◆ Activity ◆
The expected output is the first line of the data below and every line after it, up to and including the line containing "1) car (182,198,199,210)", each reproduced exactly.

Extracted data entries
────────────────

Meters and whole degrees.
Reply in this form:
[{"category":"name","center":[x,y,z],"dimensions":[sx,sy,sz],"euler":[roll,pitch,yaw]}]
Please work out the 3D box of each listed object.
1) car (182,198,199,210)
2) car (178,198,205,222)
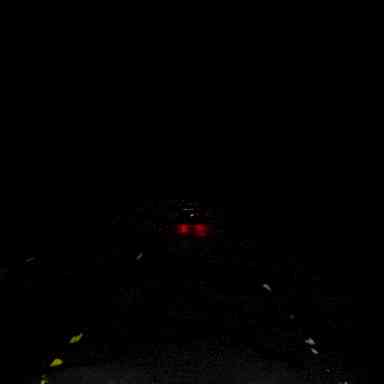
[{"category":"car","center":[-0.218,1.452,41.172],"dimensions":[1.994,1.385,4.181],"euler":[0,0,-1]},{"category":"car","center":[-0.027,1.391,25.184],"dimensions":[2.128,1.511,4.902],"euler":[0,0,0]}]

────────────────

◆ Exercise result ◆
Meters and whole degrees.
Reply in this form:
[{"category":"name","center":[x,y,z],"dimensions":[sx,sy,sz],"euler":[roll,pitch,yaw]}]
Please work out the 3D box of each listed object.
1) car (182,198,199,210)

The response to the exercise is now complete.